## Exercise
Count up the lines below containing the word "pitch", and give the result with no other words.

━━━ Supplied data ━━━

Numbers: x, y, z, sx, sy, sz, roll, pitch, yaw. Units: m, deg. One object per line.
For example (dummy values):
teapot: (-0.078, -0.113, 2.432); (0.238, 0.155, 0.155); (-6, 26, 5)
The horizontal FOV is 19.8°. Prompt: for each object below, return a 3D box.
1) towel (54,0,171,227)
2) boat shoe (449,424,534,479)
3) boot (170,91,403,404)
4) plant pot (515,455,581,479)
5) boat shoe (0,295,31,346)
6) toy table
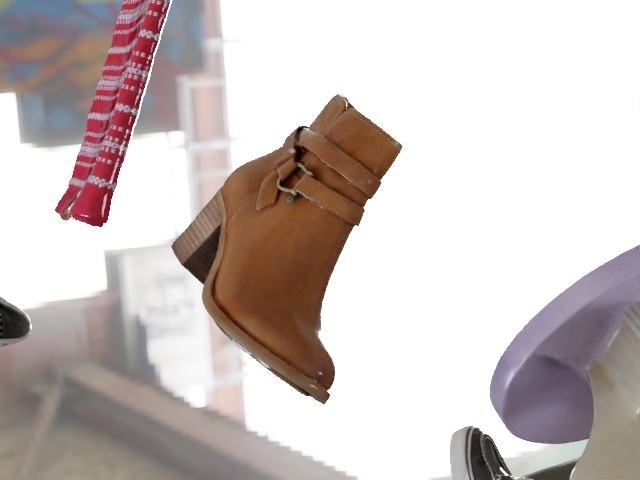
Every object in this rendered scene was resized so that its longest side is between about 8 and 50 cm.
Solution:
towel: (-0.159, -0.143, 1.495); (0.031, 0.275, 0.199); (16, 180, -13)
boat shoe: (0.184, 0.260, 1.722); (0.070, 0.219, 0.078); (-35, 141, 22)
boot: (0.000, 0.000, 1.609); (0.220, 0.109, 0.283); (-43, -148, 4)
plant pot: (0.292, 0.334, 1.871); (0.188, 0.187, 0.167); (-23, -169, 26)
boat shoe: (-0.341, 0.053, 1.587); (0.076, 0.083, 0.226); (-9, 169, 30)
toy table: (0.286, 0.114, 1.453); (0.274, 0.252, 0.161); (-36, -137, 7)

━━━
━━━ Supplied data ━━━

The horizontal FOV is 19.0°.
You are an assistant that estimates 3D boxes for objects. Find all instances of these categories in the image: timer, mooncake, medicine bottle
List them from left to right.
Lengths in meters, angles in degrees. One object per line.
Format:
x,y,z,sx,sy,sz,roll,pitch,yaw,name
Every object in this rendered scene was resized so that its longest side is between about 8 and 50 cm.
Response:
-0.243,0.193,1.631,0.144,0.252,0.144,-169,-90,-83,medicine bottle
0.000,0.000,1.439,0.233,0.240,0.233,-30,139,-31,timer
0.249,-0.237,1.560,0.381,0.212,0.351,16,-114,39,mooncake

━━━

## Solution
2